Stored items
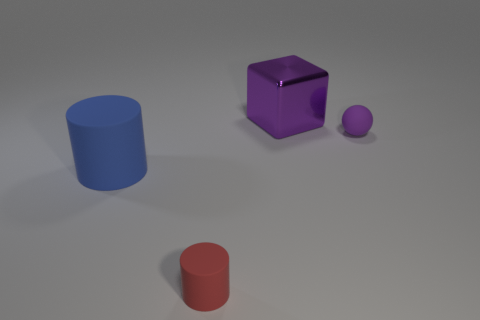Is there any other thing that has the same color as the matte sphere?
Provide a short and direct response. Yes. There is a tiny thing on the right side of the tiny object to the left of the small thing behind the big blue cylinder; what is its shape?
Your response must be concise. Sphere. Is the size of the purple thing that is behind the small purple sphere the same as the red rubber thing in front of the large blue rubber object?
Provide a succinct answer. No. What number of large blue cylinders are made of the same material as the large purple object?
Ensure brevity in your answer.  0. There is a cylinder right of the large matte cylinder in front of the purple sphere; how many spheres are behind it?
Your answer should be very brief. 1. Is the red rubber thing the same shape as the big blue thing?
Your answer should be very brief. Yes. Are there any large blue objects of the same shape as the small red thing?
Your answer should be compact. Yes. The other object that is the same size as the purple metallic thing is what shape?
Your answer should be very brief. Cylinder. What material is the big thing that is to the right of the rubber cylinder left of the tiny object in front of the large blue cylinder?
Ensure brevity in your answer.  Metal. Do the purple metal object and the purple ball have the same size?
Keep it short and to the point. No. 
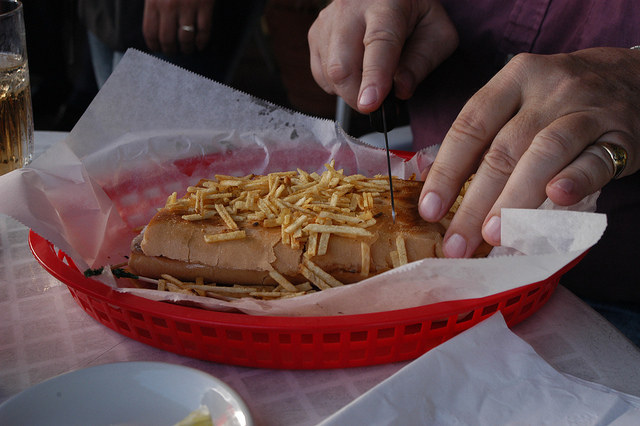<image>Is the white container biodegradable? It is unclear if the white container is biodegradable. The majority suggest it is not, but there are conflicting opinions. Is the white container biodegradable? I don't know if the white container is biodegradable. It can be both biodegradable and non-biodegradable. 
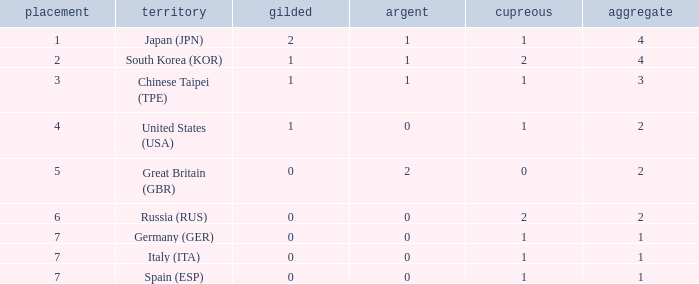What is the smallest number of gold of a country of rank 6, with 2 bronzes? None. Would you mind parsing the complete table? {'header': ['placement', 'territory', 'gilded', 'argent', 'cupreous', 'aggregate'], 'rows': [['1', 'Japan (JPN)', '2', '1', '1', '4'], ['2', 'South Korea (KOR)', '1', '1', '2', '4'], ['3', 'Chinese Taipei (TPE)', '1', '1', '1', '3'], ['4', 'United States (USA)', '1', '0', '1', '2'], ['5', 'Great Britain (GBR)', '0', '2', '0', '2'], ['6', 'Russia (RUS)', '0', '0', '2', '2'], ['7', 'Germany (GER)', '0', '0', '1', '1'], ['7', 'Italy (ITA)', '0', '0', '1', '1'], ['7', 'Spain (ESP)', '0', '0', '1', '1']]} 
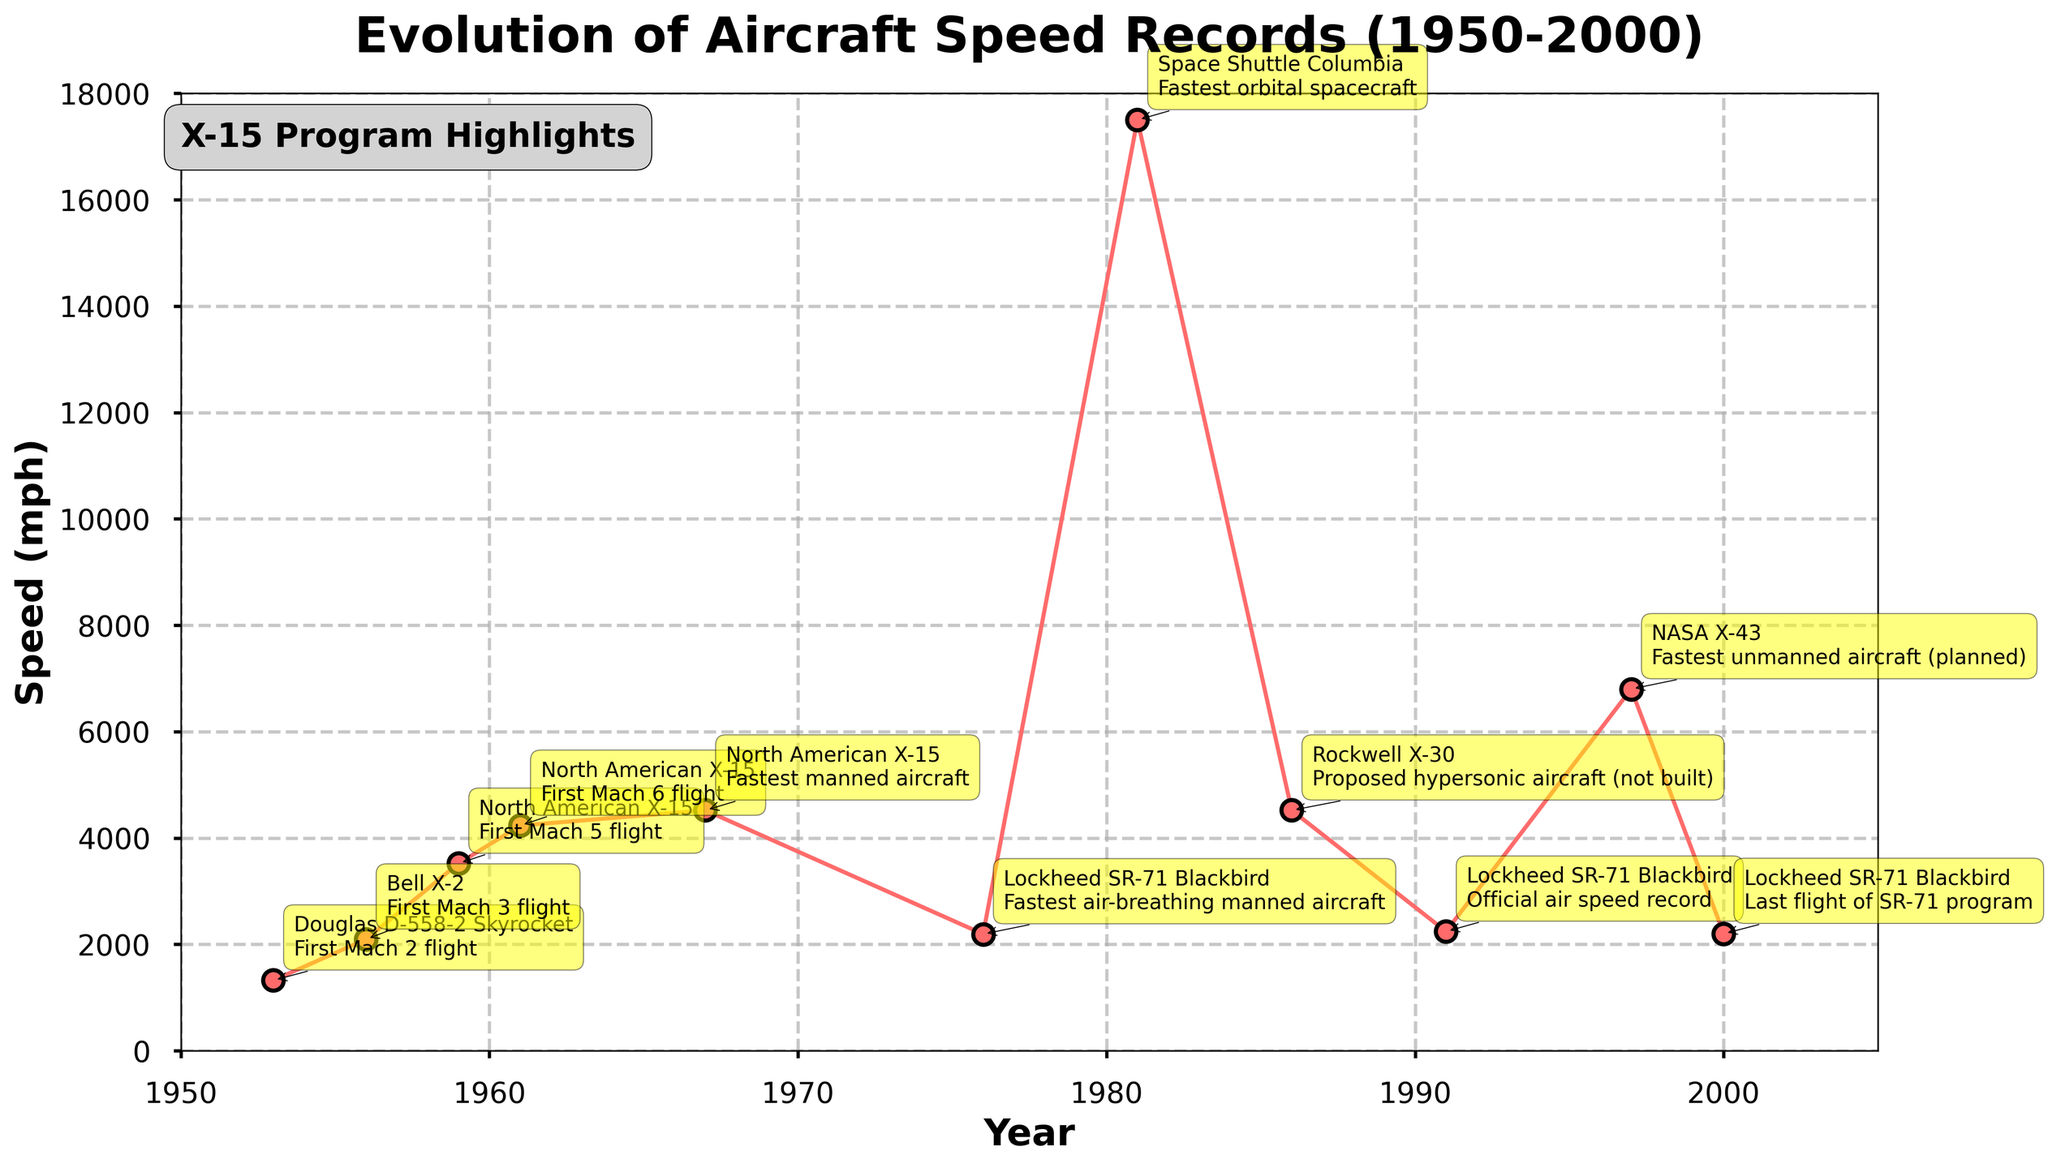Which aircraft achieved the first Mach 2 flight, and in what year did it happen? The plot shows a milestone annotation for the first Mach 2 flight. By reading the highlighted text, it's noted that the Douglas D-558-2 Skyrocket achieved this milestone in 1953.
Answer: Douglas D-558-2 Skyrocket, 1953 How much faster was the North American X-15's fastest speed compared to its first Mach 5 flight? First, locate the speeds for the North American X-15's first Mach 5 flight (3519 mph) and its fastest speed (4520 mph). Subtract the two values: 4520 - 3519 = 1001 mph.
Answer: 1001 mph Which aircraft set the speed record in the year 1976, and what was its speed? The plot highlights a speed record in 1976, showing that the Lockheed SR-71 Blackbird set this record with a speed of 2193 mph.
Answer: Lockheed SR-71 Blackbird, 2193 mph Which milestone indicates the fastest unmanned aircraft and what year was it planned for? Refer to the data and annotations; the fastest unmanned aircraft is the NASA X-43, planned for 1997.
Answer: NASA X-43, 1997 Compare the official air speed record of the Lockheed SR-71 Blackbird in 1991 to the speed in its last flight in 2000. Which was faster? Locate the speeds for the Lockheed SR-71 Blackbird in 1991 (2242 mph) and in 2000 (2200 mph). By comparing these values, the speed in 1991 was faster.
Answer: 1991 Which aircraft holds the title for the "Fastest manned aircraft" and what is its speed? From the annotations, the "Fastest manned aircraft" title belongs to the North American X-15 with a speed of 4520 mph.
Answer: North American X-15, 4520 mph How many aircraft set speed milestones between 1960 and 1980? Looking at the plot and focusing on the years between 1960 and 1980, you'll identify milestones for the North American X-15 in 1961 and 1967, and for the Lockheed SR-71 Blackbird in 1976. There are 3 milestones in this range.
Answer: 3 What is the difference in speed between the fastest air-breathing manned aircraft and the fastest orbital spacecraft? From the data, the fastest air-breathing manned aircraft is the Lockheed SR-71 Blackbird at 2193 mph (1976), and the fastest orbital spacecraft is the Space Shuttle Columbia at 17500 mph (1981). The difference is 17500 - 2193 = 15307 mph.
Answer: 15307 mph

Exercise prompt:
Lines holding the word "response" should be copied from the entries above.

Task output:
Provide a short and direct response. Yes. There is a tiny thing on the right side of the tiny object to the left of the small thing behind the big blue cylinder; what is its shape?
Your response must be concise. Sphere. Is the size of the purple thing that is behind the small purple sphere the same as the red rubber thing in front of the large blue rubber object?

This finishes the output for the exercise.